MATERIAL SHOWN section start

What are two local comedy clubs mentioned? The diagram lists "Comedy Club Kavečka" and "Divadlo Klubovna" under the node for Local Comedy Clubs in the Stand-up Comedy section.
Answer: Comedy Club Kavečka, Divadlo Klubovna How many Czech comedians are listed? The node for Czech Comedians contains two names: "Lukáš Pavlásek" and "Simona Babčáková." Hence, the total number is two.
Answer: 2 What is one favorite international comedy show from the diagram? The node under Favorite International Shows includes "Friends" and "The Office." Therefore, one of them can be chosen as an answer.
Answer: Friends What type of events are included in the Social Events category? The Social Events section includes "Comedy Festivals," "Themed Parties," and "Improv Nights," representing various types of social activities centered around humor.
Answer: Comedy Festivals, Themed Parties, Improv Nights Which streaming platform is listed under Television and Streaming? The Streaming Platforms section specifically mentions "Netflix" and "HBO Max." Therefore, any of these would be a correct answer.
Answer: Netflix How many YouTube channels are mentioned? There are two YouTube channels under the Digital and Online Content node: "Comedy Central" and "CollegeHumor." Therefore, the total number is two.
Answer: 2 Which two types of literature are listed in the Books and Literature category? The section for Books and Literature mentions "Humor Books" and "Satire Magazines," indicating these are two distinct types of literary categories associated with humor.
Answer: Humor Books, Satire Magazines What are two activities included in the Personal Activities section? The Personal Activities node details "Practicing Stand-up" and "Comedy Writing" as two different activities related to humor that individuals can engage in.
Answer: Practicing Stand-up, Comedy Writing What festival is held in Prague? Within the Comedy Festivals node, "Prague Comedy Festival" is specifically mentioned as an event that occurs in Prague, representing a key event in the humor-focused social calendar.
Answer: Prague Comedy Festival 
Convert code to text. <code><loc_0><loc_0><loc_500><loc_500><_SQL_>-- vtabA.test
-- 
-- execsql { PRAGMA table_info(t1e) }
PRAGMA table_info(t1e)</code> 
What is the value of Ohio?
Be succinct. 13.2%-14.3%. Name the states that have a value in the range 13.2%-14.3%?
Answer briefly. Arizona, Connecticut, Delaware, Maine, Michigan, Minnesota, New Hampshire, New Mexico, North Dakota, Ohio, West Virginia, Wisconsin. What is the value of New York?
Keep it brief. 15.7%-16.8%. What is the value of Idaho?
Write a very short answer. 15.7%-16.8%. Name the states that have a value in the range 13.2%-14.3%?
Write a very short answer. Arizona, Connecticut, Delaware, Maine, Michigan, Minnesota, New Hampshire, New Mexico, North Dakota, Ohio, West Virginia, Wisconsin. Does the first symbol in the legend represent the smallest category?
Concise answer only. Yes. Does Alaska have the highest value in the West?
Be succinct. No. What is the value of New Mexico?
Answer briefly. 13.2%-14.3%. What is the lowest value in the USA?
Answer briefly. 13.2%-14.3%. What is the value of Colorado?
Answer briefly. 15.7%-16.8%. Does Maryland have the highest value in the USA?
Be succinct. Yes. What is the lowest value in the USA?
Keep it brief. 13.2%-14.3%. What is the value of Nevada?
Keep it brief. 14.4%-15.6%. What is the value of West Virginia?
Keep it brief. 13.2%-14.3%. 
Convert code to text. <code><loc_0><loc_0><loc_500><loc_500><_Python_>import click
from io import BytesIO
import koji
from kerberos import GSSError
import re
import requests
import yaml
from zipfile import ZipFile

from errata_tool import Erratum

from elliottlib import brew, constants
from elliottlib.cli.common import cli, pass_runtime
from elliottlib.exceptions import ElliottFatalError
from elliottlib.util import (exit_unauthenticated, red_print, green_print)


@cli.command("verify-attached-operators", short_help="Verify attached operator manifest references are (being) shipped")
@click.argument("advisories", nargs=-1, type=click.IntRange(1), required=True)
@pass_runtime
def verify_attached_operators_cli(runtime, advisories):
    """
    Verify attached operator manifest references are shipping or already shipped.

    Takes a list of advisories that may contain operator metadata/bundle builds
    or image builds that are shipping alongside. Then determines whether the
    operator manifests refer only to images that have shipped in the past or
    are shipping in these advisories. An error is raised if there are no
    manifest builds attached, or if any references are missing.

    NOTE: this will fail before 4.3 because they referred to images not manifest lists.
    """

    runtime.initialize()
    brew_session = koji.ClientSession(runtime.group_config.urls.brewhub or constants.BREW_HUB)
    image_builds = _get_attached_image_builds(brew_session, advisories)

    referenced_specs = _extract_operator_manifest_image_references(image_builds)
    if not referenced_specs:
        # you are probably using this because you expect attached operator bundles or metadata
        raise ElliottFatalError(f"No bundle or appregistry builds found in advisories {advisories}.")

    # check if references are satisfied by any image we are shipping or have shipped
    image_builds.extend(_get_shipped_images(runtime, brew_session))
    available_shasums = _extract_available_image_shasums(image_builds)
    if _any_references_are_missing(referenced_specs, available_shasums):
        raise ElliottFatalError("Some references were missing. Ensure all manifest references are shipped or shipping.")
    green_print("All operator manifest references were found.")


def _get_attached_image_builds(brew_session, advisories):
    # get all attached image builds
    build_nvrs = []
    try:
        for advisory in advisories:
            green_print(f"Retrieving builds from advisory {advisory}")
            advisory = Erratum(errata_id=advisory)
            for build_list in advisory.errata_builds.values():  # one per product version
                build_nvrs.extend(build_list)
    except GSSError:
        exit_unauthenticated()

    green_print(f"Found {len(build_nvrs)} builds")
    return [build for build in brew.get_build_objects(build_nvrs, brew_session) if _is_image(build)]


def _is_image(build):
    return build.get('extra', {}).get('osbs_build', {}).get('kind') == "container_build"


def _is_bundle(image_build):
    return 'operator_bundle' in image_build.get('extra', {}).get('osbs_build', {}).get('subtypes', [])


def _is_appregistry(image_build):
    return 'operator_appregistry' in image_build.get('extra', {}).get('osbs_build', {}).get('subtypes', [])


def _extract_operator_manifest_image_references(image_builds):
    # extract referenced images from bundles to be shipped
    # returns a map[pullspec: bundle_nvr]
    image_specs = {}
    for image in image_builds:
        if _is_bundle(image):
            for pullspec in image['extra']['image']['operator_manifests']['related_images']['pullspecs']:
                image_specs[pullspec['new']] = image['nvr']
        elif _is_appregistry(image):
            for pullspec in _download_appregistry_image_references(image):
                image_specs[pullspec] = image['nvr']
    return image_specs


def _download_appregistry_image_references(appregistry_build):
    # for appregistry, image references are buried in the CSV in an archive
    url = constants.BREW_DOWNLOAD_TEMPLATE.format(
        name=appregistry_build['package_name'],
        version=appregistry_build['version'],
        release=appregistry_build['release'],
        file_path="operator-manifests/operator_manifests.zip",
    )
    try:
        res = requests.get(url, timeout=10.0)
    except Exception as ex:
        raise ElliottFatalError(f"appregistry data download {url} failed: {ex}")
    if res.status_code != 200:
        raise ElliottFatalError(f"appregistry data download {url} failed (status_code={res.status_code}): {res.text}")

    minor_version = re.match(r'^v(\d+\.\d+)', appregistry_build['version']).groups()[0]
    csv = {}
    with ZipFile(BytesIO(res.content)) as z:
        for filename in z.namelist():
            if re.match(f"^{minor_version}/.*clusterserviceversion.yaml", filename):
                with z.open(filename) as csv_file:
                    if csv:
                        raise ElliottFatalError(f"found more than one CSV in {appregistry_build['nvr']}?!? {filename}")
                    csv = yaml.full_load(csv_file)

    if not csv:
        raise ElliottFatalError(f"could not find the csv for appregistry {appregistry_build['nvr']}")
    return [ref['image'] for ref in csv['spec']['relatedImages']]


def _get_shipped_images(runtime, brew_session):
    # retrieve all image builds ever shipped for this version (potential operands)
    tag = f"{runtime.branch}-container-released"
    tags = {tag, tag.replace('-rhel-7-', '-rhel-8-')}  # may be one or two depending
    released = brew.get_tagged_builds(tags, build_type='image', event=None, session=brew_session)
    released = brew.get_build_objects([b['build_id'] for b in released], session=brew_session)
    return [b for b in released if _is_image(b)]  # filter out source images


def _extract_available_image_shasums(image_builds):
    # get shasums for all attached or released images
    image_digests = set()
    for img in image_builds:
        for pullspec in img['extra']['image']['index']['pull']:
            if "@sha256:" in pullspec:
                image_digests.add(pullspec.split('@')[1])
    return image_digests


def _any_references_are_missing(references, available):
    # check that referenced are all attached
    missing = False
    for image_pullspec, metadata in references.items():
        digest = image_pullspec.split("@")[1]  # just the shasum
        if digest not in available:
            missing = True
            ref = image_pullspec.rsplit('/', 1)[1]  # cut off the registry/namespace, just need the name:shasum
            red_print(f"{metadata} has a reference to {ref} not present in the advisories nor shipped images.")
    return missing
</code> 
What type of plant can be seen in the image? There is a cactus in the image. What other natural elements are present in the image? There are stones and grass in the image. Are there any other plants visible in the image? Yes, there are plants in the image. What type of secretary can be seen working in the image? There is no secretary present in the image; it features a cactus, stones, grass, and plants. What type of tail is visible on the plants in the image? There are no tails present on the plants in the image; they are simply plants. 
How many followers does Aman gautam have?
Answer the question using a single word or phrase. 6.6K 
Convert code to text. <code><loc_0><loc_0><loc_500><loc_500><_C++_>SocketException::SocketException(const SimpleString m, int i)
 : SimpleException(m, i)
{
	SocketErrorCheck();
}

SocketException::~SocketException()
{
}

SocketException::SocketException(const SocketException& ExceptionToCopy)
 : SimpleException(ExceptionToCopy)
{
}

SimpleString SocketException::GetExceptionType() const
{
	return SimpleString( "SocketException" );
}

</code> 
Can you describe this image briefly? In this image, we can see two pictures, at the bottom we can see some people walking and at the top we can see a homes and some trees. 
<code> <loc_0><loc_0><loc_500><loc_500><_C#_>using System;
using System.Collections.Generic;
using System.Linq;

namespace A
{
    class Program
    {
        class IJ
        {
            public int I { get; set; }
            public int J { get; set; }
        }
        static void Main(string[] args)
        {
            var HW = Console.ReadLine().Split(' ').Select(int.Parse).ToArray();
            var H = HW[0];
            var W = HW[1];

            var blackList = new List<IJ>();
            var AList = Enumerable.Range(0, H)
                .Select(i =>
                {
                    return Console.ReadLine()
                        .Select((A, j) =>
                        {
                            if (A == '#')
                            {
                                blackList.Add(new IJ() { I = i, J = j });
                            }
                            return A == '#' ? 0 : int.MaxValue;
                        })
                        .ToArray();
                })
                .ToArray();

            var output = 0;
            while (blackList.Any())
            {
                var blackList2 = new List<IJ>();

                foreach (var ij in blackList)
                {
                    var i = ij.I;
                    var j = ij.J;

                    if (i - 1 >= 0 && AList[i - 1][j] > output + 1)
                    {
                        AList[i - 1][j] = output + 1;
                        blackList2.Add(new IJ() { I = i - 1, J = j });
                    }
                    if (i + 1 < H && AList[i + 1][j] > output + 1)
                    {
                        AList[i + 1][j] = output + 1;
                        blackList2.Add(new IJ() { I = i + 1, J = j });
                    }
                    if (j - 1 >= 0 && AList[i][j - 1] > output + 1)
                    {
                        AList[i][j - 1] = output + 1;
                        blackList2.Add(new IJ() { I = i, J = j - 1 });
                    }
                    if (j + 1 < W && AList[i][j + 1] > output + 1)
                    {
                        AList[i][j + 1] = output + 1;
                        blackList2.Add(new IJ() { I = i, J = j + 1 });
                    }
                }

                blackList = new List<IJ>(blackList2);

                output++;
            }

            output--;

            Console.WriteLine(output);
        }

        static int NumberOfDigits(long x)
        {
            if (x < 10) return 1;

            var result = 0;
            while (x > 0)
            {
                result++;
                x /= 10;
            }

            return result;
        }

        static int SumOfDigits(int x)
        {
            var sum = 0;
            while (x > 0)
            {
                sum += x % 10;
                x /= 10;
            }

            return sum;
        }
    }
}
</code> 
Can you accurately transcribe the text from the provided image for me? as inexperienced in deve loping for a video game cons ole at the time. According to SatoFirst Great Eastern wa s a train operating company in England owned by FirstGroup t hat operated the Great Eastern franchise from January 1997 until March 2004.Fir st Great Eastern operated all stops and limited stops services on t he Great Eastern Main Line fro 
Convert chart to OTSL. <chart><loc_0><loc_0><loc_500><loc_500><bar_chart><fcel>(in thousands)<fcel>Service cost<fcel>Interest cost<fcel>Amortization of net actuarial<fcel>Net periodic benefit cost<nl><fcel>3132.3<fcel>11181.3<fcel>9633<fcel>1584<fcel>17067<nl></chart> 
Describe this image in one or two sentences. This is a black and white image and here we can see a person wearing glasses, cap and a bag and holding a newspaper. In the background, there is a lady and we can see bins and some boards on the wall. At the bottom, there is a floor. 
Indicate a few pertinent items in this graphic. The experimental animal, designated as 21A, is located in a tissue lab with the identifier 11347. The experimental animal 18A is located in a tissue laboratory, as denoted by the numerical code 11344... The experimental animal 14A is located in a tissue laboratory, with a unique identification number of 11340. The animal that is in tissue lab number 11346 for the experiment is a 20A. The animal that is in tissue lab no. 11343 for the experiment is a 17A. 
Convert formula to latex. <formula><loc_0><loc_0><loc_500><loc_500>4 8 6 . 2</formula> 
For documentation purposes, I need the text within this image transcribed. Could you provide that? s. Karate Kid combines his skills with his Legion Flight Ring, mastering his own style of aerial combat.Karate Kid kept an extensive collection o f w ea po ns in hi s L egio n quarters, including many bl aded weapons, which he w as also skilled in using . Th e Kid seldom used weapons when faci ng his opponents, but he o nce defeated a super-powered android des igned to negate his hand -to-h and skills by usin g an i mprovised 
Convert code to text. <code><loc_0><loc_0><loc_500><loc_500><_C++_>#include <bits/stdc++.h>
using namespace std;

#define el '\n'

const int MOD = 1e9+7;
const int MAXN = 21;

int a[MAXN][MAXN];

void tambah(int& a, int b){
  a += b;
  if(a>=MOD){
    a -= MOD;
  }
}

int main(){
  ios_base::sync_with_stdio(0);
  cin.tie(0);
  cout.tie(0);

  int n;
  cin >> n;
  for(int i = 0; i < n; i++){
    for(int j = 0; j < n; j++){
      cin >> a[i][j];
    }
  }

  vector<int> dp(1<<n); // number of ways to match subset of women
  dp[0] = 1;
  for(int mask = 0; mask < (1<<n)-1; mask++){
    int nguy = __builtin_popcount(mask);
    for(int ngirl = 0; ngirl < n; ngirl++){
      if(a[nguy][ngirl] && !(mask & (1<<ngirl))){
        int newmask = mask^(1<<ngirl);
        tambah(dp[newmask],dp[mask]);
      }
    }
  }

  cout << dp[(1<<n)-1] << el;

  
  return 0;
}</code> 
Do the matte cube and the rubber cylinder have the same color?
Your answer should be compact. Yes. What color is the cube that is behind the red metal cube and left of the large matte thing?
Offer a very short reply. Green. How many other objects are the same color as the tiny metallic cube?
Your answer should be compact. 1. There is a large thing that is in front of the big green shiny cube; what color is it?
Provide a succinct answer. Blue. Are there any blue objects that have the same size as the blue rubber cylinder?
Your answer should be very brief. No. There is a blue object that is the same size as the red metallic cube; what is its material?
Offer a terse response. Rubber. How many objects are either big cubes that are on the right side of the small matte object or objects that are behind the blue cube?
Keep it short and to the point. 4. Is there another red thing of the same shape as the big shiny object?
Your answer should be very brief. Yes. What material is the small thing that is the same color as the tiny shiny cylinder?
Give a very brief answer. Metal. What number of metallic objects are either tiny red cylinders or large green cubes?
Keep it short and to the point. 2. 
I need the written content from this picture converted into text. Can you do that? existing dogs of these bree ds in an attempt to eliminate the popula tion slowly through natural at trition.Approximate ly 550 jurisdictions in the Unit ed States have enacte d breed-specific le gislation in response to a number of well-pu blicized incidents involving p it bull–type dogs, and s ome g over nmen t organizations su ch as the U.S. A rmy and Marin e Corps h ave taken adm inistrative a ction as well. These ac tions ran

MATERIAL SHOWN section end

> _ACTION ITEM_: Show a copy of each line from the records above in which the string "Ohio" occurs.

> _FINISHED TASK_:
What is the value of Ohio?
Answer briefly. Arizona, Connecticut, Delaware, Maine, Michigan, Minnesota, New Hampshire, New Mexico, North Dakota, Ohio, West Virginia, Wisconsin. What is the value of New York?
Write a very short answer. Arizona, Connecticut, Delaware, Maine, Michigan, Minnesota, New Hampshire, New Mexico, North Dakota, Ohio, West Virginia, Wisconsin. Does the first symbol in the legend represent the smallest category?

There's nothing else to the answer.